In the embodiment described above, the proximity switch 86,
Although one load position detection device 60 equipped with 88 and 90 was provided on one side of the finger bar 20, it is also possible to provide two such devices on both sides.
One piece can also be provided in the center of the finger bar 20.

Further, the first proximity switch 86 in the cargo position detection device 60 is not essential and can be omitted.

Furthermore, the first cargo position detecting means and the second cargo position detecting means are not limited to the contact type equipped with the contact rod 70, but may also be non-contact type such as a reflective optical sensor. It is also possible to provide it nearby.

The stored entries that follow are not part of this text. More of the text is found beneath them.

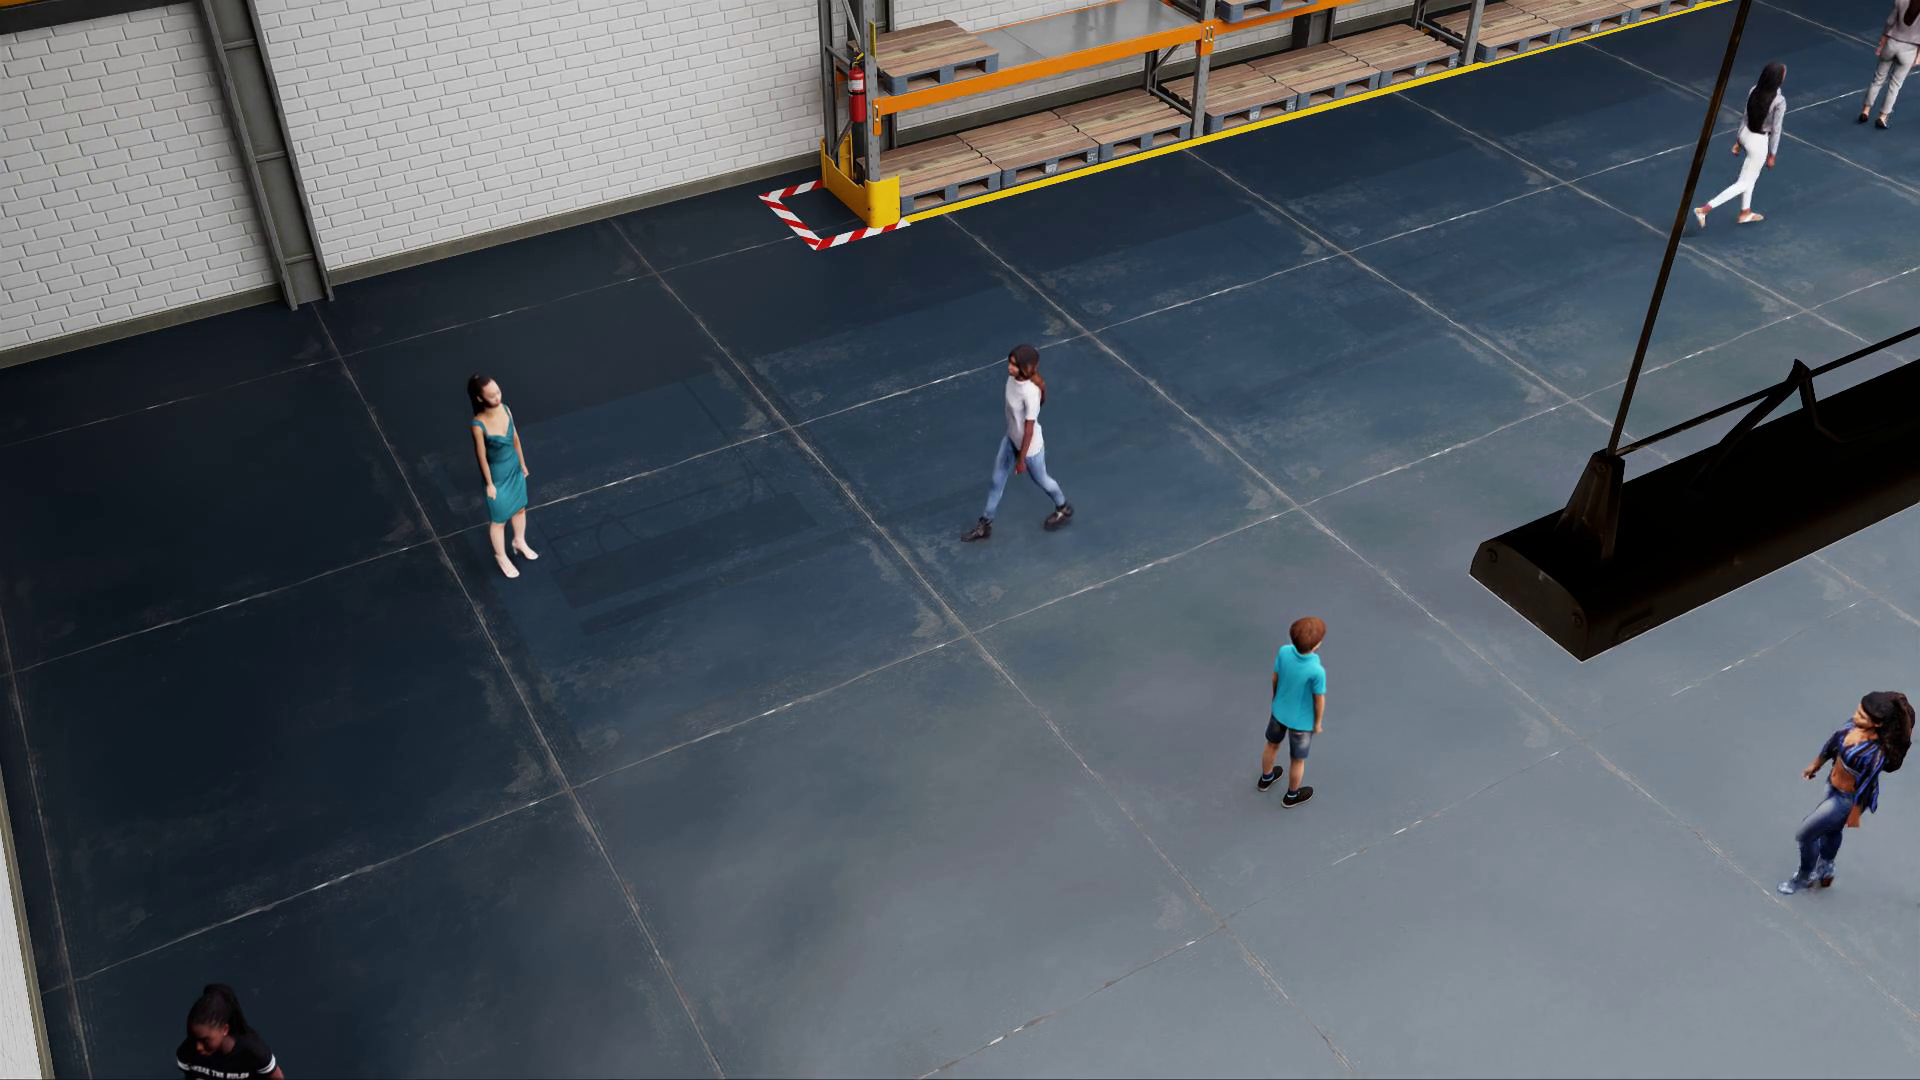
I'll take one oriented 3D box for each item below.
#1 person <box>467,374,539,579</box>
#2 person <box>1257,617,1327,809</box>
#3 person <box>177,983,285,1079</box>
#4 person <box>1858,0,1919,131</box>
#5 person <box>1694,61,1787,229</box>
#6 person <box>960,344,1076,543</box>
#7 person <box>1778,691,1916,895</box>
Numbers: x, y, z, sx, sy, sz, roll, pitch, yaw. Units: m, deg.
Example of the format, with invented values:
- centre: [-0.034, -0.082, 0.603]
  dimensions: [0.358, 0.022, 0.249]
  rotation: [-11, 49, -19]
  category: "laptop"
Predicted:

Although not described in detail, it goes without saying that the present invention can be practiced with various modifications and improvements based on the knowledge of those skilled in the art.

[Brief explanation of the drawing]

FIG. 1 is a plan view schematically showing a forklift as an embodiment of the present invention, and FIG. 2 is a side view thereof. 3 is an enlarged sectional view showing a part of FIG. 1, and FIG. 4 is a sectional view taken from FIG. 3. Figure 5 is similar to Figure 1 and 2.
FIG. 6 is a front view showing the cargo position detection device shown in FIG. 5 taken out, and FIG. FIGS. 7 and 8 are sectional views showing different operating states from FIG. 6, respectively. FIG. 9 is a block diagram schematically showing a control circuit for the forklift shown in FIG. 1 and the like. FIG. 10 is a plan view schematically showing an example of how the forklift is used, and FIG. 11 is a side view thereof. FIGS. 12 to 15 are flowcharts showing programs for the forklift while it is running with no load, while the forklift is running with a fork inserted, while it is running with a load, and while it is running near the unloading position. 2: Vehicle body, 12: Fork, 14: Outer mast, 16: Inner mast, 18: Lift bracket, 20: Finger bar, 30: Guide wall, 3
2, 34: Lateral displacement sensor, 44: Linear potentiometer, 58: Rotary potentiometer, 60:
Load position detection device, 62: Sensor box, 6
6: Guide tube, 70: Contact rod (contact member),
72, 74: Bolt, 76, 78: Long hole, 82:
Spring (biasing means), 86: Proximity switch,
88: Proximity switch (first cargo position detection means),
90: Proximity switch (second cargo position detection means),
92, 94, 96: detection head.

Claims (1)

[Scope of Claims] 1. A forklift truck that is equipped with a fork that supports a load and can run unmanned, wherein the load is at an appropriate position on the fork when the fork is inserted into the load as the forklift truck moves forward. a first load position detecting means for detecting the position of the load in a state where the load can further move backward on the fork by a certain distance; a first control means for stopping the fork, raising the fork to lift the load, and then allowing the forklift truck to move forward; a second cargo position detecting means for detecting that the top of the cargo has moved backward; and a second cargo position detecting means for detecting the backward movement of the cargo, and stopping the forward movement of the forklift truck and lowering the fork. An unmanned forklift truck with a load position detection function, the truck having a load position detection function and a second control means for unloading the load. 2. The first cargo position detection means and the second cargo position detection means share a contact member that is supported movably in the front and back direction behind the cargo by the fork or a member that is raised and lowered together with the fork, The contact member is constantly urged forward by the biasing means and comes into contact with the cargo and is pushed back to the first operating position, thereby activating the first cargo position detecting means, and moving the contact member from the first operating position to the first operating position. 2. The unmanned forklift truck according to claim 1, wherein said second cargo position detection means is activated by being pushed further back to a second operating position.